The development of extensive electronic corpora such as COBUILD [2] and BNC [3] has brought corpus linguistics to a prominent position in lexicography. In the context of learners' or bilingual dictionaries, such corpora tend to be used as an aid to the construction of examples, rather than as a direct source. Landau [4] comments that "What a corpus can do above all else - even when it cannot provide verbatim examples that can be used in a dictionary - is to give examples at the right level of complexity and in a framework that is typical so that the lexicographer can devise examples that are not silly, stilted, or clearly artificial." One of the editors of Taishukan's Unabridged Genius English-Japanese Dictionary, Kosei Minamide [5], writing about corpora and the examples used in that dictionary, states "Such corpora is (sic) liable to drown us in data", and adds "Because of the complicated problems concerning copyright and the extreme difficulty of finding entirely suitable examples in the corpus, we had most of the illustrative examples invented by native speakers."
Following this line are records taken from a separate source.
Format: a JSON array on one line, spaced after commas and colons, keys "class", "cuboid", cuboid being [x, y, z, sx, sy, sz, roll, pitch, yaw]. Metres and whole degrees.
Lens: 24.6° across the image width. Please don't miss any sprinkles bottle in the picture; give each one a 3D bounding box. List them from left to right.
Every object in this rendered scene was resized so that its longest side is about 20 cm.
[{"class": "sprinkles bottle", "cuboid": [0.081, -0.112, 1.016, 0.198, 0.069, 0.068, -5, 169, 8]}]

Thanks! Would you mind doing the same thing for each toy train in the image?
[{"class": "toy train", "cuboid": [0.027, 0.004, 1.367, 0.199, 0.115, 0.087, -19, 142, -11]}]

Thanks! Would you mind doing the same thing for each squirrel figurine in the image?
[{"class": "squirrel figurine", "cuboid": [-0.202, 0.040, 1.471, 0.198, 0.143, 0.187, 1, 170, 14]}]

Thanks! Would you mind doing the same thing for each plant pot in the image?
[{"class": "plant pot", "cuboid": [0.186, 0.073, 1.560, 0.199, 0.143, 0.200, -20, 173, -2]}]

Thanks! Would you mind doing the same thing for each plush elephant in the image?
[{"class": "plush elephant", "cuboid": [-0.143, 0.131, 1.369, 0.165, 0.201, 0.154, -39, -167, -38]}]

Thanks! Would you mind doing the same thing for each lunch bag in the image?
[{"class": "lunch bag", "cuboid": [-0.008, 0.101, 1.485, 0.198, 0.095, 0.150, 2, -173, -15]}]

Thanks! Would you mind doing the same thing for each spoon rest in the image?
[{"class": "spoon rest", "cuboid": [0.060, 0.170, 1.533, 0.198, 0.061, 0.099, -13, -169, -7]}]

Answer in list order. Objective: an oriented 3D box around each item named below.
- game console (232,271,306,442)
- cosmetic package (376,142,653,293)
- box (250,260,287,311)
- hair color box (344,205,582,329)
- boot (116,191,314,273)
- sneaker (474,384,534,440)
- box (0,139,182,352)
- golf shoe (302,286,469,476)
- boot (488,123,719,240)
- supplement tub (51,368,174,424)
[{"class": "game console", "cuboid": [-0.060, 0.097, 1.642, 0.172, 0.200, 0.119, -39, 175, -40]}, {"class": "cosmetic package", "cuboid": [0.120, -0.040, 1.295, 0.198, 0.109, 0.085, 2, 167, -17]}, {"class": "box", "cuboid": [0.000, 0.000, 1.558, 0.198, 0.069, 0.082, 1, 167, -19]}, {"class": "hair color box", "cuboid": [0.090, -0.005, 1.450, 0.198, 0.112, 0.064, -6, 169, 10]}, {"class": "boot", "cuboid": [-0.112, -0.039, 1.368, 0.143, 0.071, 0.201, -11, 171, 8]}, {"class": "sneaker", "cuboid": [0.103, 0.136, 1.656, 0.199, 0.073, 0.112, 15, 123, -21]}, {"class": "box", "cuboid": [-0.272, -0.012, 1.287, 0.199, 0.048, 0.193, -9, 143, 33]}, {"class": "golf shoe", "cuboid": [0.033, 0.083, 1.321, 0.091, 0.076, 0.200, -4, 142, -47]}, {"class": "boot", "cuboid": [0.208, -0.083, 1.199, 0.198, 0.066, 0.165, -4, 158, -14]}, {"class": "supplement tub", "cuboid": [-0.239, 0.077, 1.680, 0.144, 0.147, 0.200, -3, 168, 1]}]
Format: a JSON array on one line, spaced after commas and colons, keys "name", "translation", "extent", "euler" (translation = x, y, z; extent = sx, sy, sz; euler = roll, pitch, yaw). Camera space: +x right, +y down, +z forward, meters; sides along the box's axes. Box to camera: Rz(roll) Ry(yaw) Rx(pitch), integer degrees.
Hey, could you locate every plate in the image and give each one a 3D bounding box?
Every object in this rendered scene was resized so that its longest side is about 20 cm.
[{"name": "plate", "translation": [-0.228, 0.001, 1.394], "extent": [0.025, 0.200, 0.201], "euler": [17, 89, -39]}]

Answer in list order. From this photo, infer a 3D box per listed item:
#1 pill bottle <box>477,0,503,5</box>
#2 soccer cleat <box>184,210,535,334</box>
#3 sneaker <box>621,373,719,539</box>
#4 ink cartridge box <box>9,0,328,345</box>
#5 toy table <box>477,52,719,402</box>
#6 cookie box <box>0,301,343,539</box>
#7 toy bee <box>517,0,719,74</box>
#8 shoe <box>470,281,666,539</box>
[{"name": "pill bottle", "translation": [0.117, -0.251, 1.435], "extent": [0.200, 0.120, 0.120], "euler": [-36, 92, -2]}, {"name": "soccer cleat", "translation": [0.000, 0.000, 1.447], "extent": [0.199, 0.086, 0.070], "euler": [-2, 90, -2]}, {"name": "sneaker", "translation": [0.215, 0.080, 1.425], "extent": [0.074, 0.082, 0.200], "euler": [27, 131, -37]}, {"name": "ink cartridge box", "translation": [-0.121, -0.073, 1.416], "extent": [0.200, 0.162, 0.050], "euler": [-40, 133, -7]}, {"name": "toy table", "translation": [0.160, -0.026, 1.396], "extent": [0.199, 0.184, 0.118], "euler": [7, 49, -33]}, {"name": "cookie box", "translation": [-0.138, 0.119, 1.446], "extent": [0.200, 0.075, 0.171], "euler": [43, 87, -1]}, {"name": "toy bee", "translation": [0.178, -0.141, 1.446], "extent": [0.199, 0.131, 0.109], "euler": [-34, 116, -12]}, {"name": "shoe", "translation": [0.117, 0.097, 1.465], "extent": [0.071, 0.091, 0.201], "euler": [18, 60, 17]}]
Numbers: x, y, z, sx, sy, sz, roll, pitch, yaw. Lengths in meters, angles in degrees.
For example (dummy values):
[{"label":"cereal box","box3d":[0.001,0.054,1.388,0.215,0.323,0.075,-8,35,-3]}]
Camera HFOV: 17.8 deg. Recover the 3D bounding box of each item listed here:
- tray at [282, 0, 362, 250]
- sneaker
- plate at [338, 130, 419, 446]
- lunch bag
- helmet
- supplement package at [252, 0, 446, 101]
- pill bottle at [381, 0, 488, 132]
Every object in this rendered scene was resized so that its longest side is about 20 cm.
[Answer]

There are no reported cases of electronic corpora being used directly for the provision of dictionary examples. The difficulty of using such corpora for this purpose can be seen from examination of some of the text samples from the online COBUILD collection for the word swimming:
against Douglas Stern, Doug Stern's Swimming Clinic Inc., the United States no-touch sex with clothes on [p] swimming - especially nude [p] smiling [p] induced cloud or magical blackness swimming in the air; it was simply likely to keep busy playing games, swimming, jeeping, or making crafts such as historic feat of winning Olympic swimming medals 12 years apart. Janet Silk Cup Derby (Hickstead) 1435b Swimming: National Champs & Euro Trials ( End. The quieter spots and the best swimming on one-mile Long Bay beach are at suitable physical exercise such as swimming or cycling. He will find that any in such a way that you feel you are swimming outdoors in an open-air pavilion. sun-splashed conservatory - even a swimming pool. An unforgettably exotic or and telephone. There's an indoor swimming-pool, sauna, solarium and
Clearly only one or two extracts in this sample contain useful material for example sentences, and in both cases some rewriting would be appropriate. It is only one sample, but it supports the views of Landau and Minamide.
When the author began compiling a Japanese-English dictionary file as part of the EDICT [6] project in 1991, there were immediate calls from users of the file and software for example sentences to be associated with the dictionary entries. The initial dictionary format file did not readily allow for the inclusion of such examples, so a structure for such examples was implemented, involving a simple marker in the text of the English translation which indicated the availability of further explanatory information and examples in a linked adjunct file. As the early stages of the EDICT project benefited from considerable voluntary effort, a call was made for the preparation and submission of examples and other explanatory material. None was forthcoming; it appeared that while the user community had sufficient interest and enthusiasm to submit lexical material, preparation of examples was not such a high priority.
In 1999 the JMdict project, which involved an expanded dictionary structure, was launched. From the beginning of the project it was intended to incorporate example sentences within entries, with elements reserved in the DTD for this purpose.
As reported at the PACLING2001 conference in a paper on the compilation of multilingual corpora [7], Professor Yasuhito Tanaka at Hyogo University had assembled over several years a collection of over 200,000 Japanese-English sentence pairs. The technique he employed was to encourage a number of students each to enter approximately 300 items, drawn from instructional texts and other available sources. The resulting corpus, which he stated was in need of considerable editing, was placed in the Public Domain. At the 2002 Papillon Workshop, Professor Christian Boitet provided a copy of the corpus to participants, with a view to it possibly being used as the foundation for a set of examples within the Papillon dictionary project.
The author examined the corpus and concluded that it did indeed have excellent potential for providing such examples, but that it also had a large number of errors which would need eventual correction. It was decided to conduct a trial in which the corpus would be used to provide usage examples for entries in the author's WWW Japanese-English dictionary server (WWWJDIC). [8]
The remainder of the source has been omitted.